◆ Problem description
The records below are to be reproduced exactly, with every picture left out.

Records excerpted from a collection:
╔══

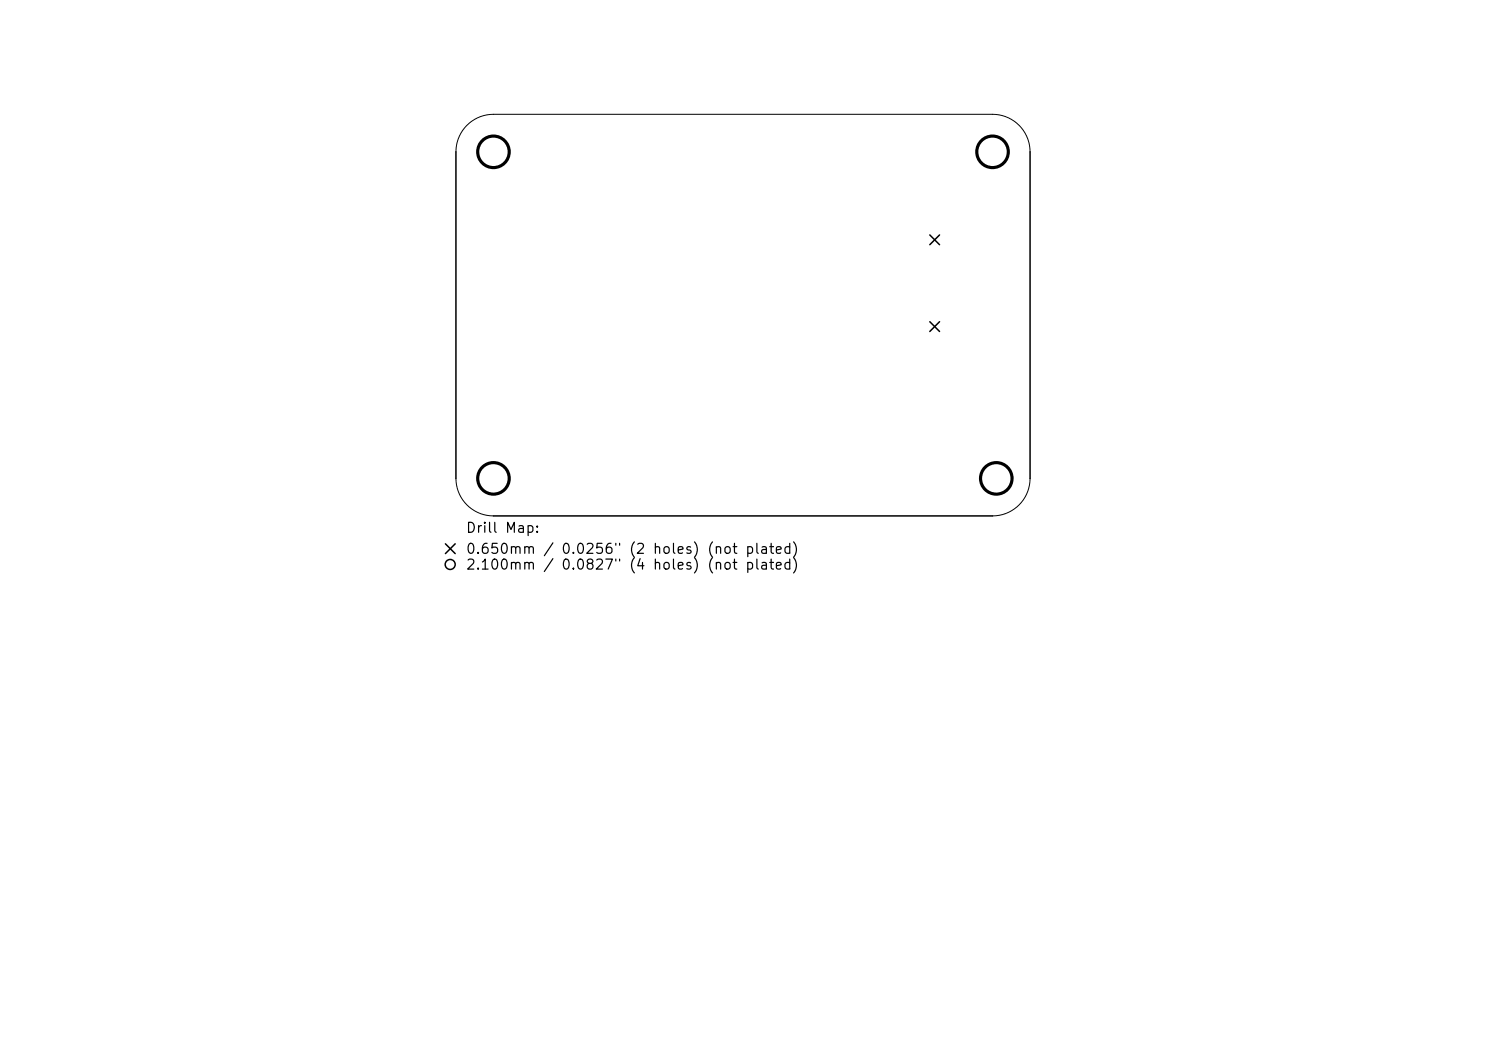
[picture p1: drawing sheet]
<svg xmlns="http://www.w3.org/2000/svg" width="297mm" height="210mm" viewBox="0 0 297 210" stroke-linecap="round" stroke-linejoin="round" font-family="sans-serif">
<defs><g id="words">
<g font-size="2">
<text x="93" y="107">Drill Map:</text>
<text x="93" y="111.2">0.650mm / 0.0256&quot; (2 holes) (not plated)</text>
<text x="93" y="114.3">2.100mm / 0.0827&quot; (4 holes) (not plated)</text>
</g>
</g></defs>
<path d="M91.1 30.3a7.5 7.5 0 0 1 7.5-7.5h99.8a7.5 7.5 0 0 1 7.5 7.5M91.1 95.6a7.5 7.5 0 0 0 7.5 7.5M205.9 95.6a7.5 7.5 0 0 1-7.5 7.5" fill="none" stroke="#000" stroke-width=".2"/>
<g fill="none" stroke="#000" stroke-width=".3">
<path d="M91.1 30.3v65.3M205.9 30.3v65.3M185.8 46.9l2 2M187.8 46.9l-2 2M185.8 64.3l2 1.9M187.8 64.3l-2 1.9M89 108.7l2 1.9M91 108.7l-2 1.9M98.6 103.1h99.8"/>
<circle cx="90" cy="112.8" r="1"/>
</g>
<g fill="none" stroke="#000" stroke-width=".63">
<circle cx="98.6" cy="30.3" r="3.1"/>
<circle cx="198.4" cy="30.3" r="3.1"/>
<circle cx="98.6" cy="95.6" r="3.1"/>
<circle cx="199.1" cy="95.6" r="3.1"/>
</g>
<use href="#words"/>
</svg>
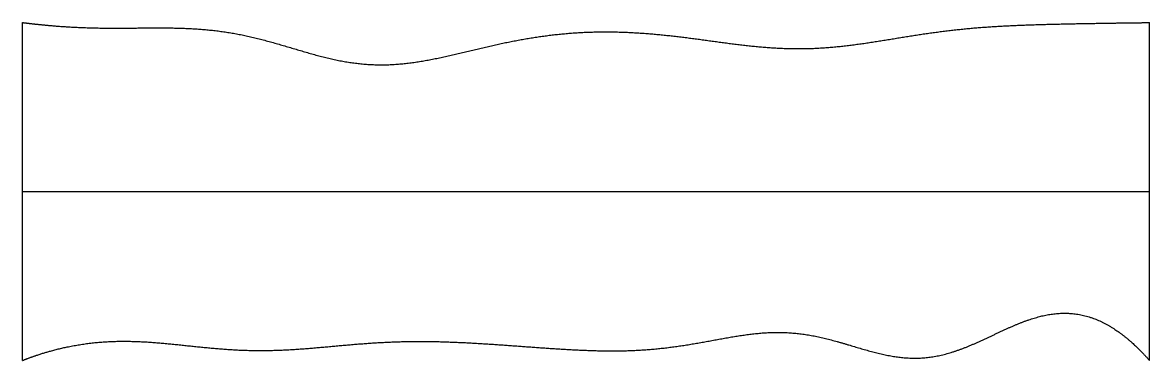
# Model space of a CAD drawing. Header units: millimetres. Extents: x 0 to 10, y 0 to 3.
import ezdxf

# ---------------------------------------------------------------- set-up
doc = ezdxf.new("R2010")
doc.units = ezdxf.units.MM
doc.layers.get('0').update_dxf_attribs({"linetype": 'CONTINUOUS'})

msp = doc.modelspace()

# ---------------------------------------------------------------- linework, layer by layer
for points in [[(0, 0), (0, 0.12), (0, 0.36), (0, 0.72), (0, 1.2), (0, 1.8), (0, 2.28), (0, 2.64), (0, 2.88), (0, 3)], [(0, 3), (0.04, 2.995), (0.12, 2.985), (0.24, 2.973), (0.4, 2.96), (0.6, 2.952), (0.801, 2.949), (1.002, 2.951), (1.204, 2.954), (1.405, 2.952), (1.605, 2.942), (1.805, 2.919), (2.004, 2.881), (2.203, 2.83), (2.401, 2.77), (2.598, 2.711), (2.796, 2.661), (2.995, 2.629), (3.194, 2.619), (3.394, 2.632), (3.594, 2.663), (3.795, 2.707), (3.995, 2.755), (4.195, 2.803), (4.394, 2.845), (4.594, 2.878), (4.793, 2.902), (4.993, 2.916), (5.192, 2.92), (5.393, 2.914), (5.593, 2.9), (5.794, 2.879), (5.995, 2.853), (6.195, 2.825), (6.396, 2.798), (6.596, 2.778), (6.796, 2.766), (6.996, 2.767), (7.196, 2.78), (7.396, 2.804), (7.596, 2.834), (7.796, 2.868), (7.996, 2.9), (8.196, 2.927), (8.396, 2.949), (8.596, 2.964), (8.797, 2.975), (8.997, 2.982), (9.198, 2.987), (9.398, 2.991), (9.599, 2.994), (9.759, 2.997), (9.88, 2.998), (9.96, 2.999), (10, 3)], [(10, 0), (10, 0.12), (10, 0.36), (10, 0.72), (10, 1.2), (10, 1.8), (10, 2.28), (10, 2.64), (10, 2.88), (10, 3)], [(0, 1.5), (0.4, 1.5), (1.2, 1.5), (2.4, 1.5), (4, 1.5), (6, 1.5), (7.6, 1.5), (8.8, 1.5), (9.6, 1.5), (10, 1.5)], [(0, 0), (0.04, 0.016), (0.12, 0.046), (0.24, 0.085), (0.4, 0.125), (0.6, 0.158), (0.801, 0.173), (1.001, 0.172), (1.202, 0.159), (1.404, 0.138), (1.605, 0.116), (1.806, 0.098), (2.007, 0.087), (2.209, 0.087), (2.41, 0.097), (2.611, 0.113), (2.813, 0.132), (3.014, 0.15), (3.215, 0.163), (3.417, 0.17), (3.618, 0.17), (3.82, 0.164), (4.021, 0.154), (4.223, 0.141), (4.424, 0.126), (4.625, 0.111), (4.826, 0.098), (5.028, 0.088), (5.229, 0.083), (5.43, 0.087), (5.631, 0.101), (5.833, 0.127), (6.034, 0.161), (6.235, 0.2), (6.436, 0.234), (6.638, 0.254), (6.839, 0.25), (7.04, 0.22), (7.241, 0.167), (7.442, 0.104), (7.641, 0.047), (7.841, 0.014), (8.039, 0.018), (8.237, 0.062), (8.433, 0.139), (8.629, 0.233), (8.825, 0.327), (9.021, 0.398), (9.216, 0.431), (9.412, 0.415), (9.608, 0.342), (9.765, 0.235), (9.882, 0.128), (9.961, 0.045), (10, 0)]]:
    msp.add_open_spline(points, degree=5)

doc.saveas('drawing.dxf')

╚══

◆ Output for this exercise
[picture p1: drawing sheet]
<svg xmlns="http://www.w3.org/2000/svg" width="297mm" height="210mm" viewBox="0 0 297 210" stroke-linecap="round" stroke-linejoin="round" font-family="sans-serif">
<defs><g id="words">
<g font-size="2">
<text x="93" y="107">Drill Map:</text>
<text x="93" y="111.2">0.650mm / 0.0256&quot; (2 holes) (not plated)</text>
<text x="93" y="114.3">2.100mm / 0.0827&quot; (4 holes) (not plated)</text>
</g>
</g></defs>
<path d="M91.1 30.3a7.5 7.5 0 0 1 7.5-7.5h99.8a7.5 7.5 0 0 1 7.5 7.5M91.1 95.6a7.5 7.5 0 0 0 7.5 7.5M205.9 95.6a7.5 7.5 0 0 1-7.5 7.5" fill="none" stroke="#000" stroke-width=".2"/>
<g fill="none" stroke="#000" stroke-width=".3">
<path d="M91.1 30.3v65.3M205.9 30.3v65.3M185.8 46.9l2 2M187.8 46.9l-2 2M185.8 64.3l2 1.9M187.8 64.3l-2 1.9M89 108.7l2 1.9M91 108.7l-2 1.9M98.6 103.1h99.8"/>
<circle cx="90" cy="112.8" r="1"/>
</g>
<g fill="none" stroke="#000" stroke-width=".63">
<circle cx="98.6" cy="30.3" r="3.1"/>
<circle cx="198.4" cy="30.3" r="3.1"/>
<circle cx="98.6" cy="95.6" r="3.1"/>
<circle cx="199.1" cy="95.6" r="3.1"/>
</g>
<use href="#words"/>
</svg>
# Model space of a CAD drawing. Header units: millimetres. Extents: x 0 to 10, y 0 to 3.
import ezdxf

# ---------------------------------------------------------------- set-up
doc = ezdxf.new("R2010")
doc.units = ezdxf.units.MM
doc.layers.get('0').update_dxf_attribs({"linetype": 'CONTINUOUS'})

msp = doc.modelspace()

# ---------------------------------------------------------------- linework, layer by layer
for points in [[(0, 0), (0, 0.12), (0, 0.36), (0, 0.72), (0, 1.2), (0, 1.8), (0, 2.28), (0, 2.64), (0, 2.88), (0, 3)], [(0, 3), (0.04, 2.995), (0.12, 2.985), (0.24, 2.973), (0.4, 2.96), (0.6, 2.952), (0.801, 2.949), (1.002, 2.951), (1.204, 2.954), (1.405, 2.952), (1.605, 2.942), (1.805, 2.919), (2.004, 2.881), (2.203, 2.83), (2.401, 2.77), (2.598, 2.711), (2.796, 2.661), (2.995, 2.629), (3.194, 2.619), (3.394, 2.632), (3.594, 2.663), (3.795, 2.707), (3.995, 2.755), (4.195, 2.803), (4.394, 2.845), (4.594, 2.878), (4.793, 2.902), (4.993, 2.916), (5.192, 2.92), (5.393, 2.914), (5.593, 2.9), (5.794, 2.879), (5.995, 2.853), (6.195, 2.825), (6.396, 2.798), (6.596, 2.778), (6.796, 2.766), (6.996, 2.767), (7.196, 2.78), (7.396, 2.804), (7.596, 2.834), (7.796, 2.868), (7.996, 2.9), (8.196, 2.927), (8.396, 2.949), (8.596, 2.964), (8.797, 2.975), (8.997, 2.982), (9.198, 2.987), (9.398, 2.991), (9.599, 2.994), (9.759, 2.997), (9.88, 2.998), (9.96, 2.999), (10, 3)], [(10, 0), (10, 0.12), (10, 0.36), (10, 0.72), (10, 1.2), (10, 1.8), (10, 2.28), (10, 2.64), (10, 2.88), (10, 3)], [(0, 1.5), (0.4, 1.5), (1.2, 1.5), (2.4, 1.5), (4, 1.5), (6, 1.5), (7.6, 1.5), (8.8, 1.5), (9.6, 1.5), (10, 1.5)], [(0, 0), (0.04, 0.016), (0.12, 0.046), (0.24, 0.085), (0.4, 0.125), (0.6, 0.158), (0.801, 0.173), (1.001, 0.172), (1.202, 0.159), (1.404, 0.138), (1.605, 0.116), (1.806, 0.098), (2.007, 0.087), (2.209, 0.087), (2.41, 0.097), (2.611, 0.113), (2.813, 0.132), (3.014, 0.15), (3.215, 0.163), (3.417, 0.17), (3.618, 0.17), (3.82, 0.164), (4.021, 0.154), (4.223, 0.141), (4.424, 0.126), (4.625, 0.111), (4.826, 0.098), (5.028, 0.088), (5.229, 0.083), (5.43, 0.087), (5.631, 0.101), (5.833, 0.127), (6.034, 0.161), (6.235, 0.2), (6.436, 0.234), (6.638, 0.254), (6.839, 0.25), (7.04, 0.22), (7.241, 0.167), (7.442, 0.104), (7.641, 0.047), (7.841, 0.014), (8.039, 0.018), (8.237, 0.062), (8.433, 0.139), (8.629, 0.233), (8.825, 0.327), (9.021, 0.398), (9.216, 0.431), (9.412, 0.415), (9.608, 0.342), (9.765, 0.235), (9.882, 0.128), (9.961, 0.045), (10, 0)]]:
    msp.add_open_spline(points, degree=5)

doc.saveas('drawing.dxf')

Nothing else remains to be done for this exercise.